## EXERCISE OBJECTIVE
A copy is needed of each line in the records that has the word "name".
------------------------------------------------------------
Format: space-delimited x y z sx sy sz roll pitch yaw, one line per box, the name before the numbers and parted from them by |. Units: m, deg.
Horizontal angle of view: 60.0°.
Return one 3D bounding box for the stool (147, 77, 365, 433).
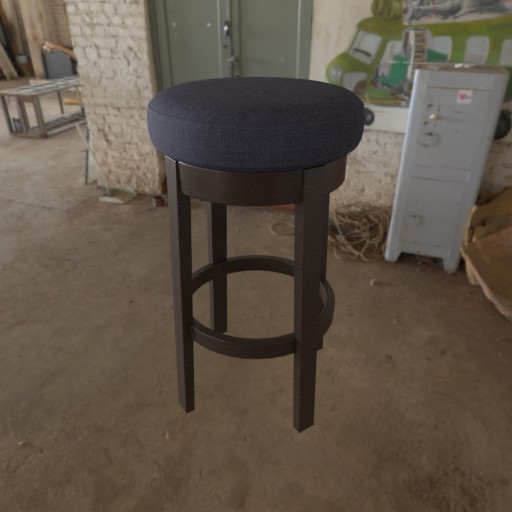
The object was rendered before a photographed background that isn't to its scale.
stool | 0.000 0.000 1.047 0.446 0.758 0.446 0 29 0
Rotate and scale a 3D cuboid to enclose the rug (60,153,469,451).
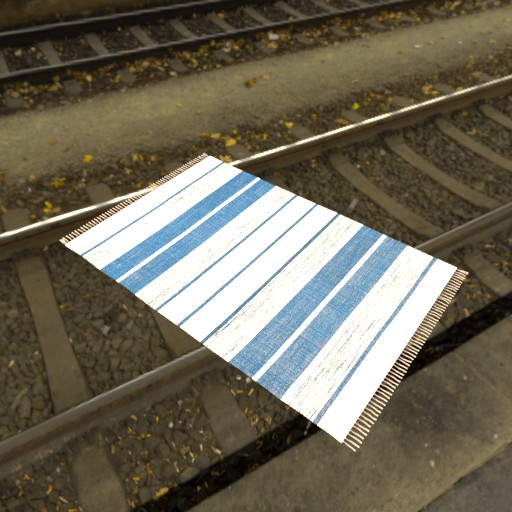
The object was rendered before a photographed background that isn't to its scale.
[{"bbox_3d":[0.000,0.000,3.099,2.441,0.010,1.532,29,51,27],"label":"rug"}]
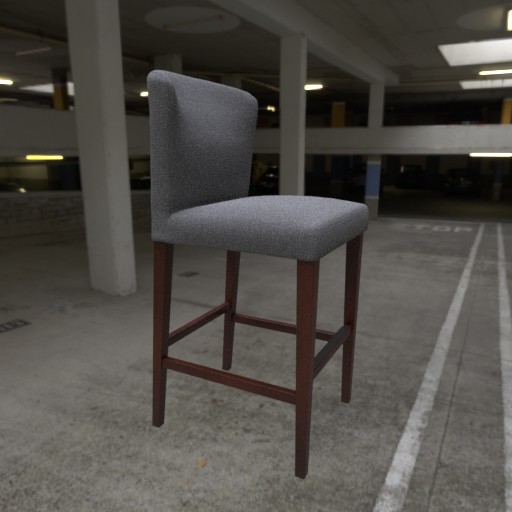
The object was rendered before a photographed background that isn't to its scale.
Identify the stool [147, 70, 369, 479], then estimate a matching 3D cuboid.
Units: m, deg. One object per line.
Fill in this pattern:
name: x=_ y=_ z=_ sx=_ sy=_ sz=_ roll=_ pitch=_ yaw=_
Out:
------------------------------------------------------------
## RESULT OF THE TASK
Format: space-delimited x y z sx sy sz roll pitch yaw, one line per box, the name before the numbers and parted from them by |. Units: m, deg.
name: x=_ y=_ z=_ sx=_ sy=_ sz=_ roll=_ pitch=_ yaw=_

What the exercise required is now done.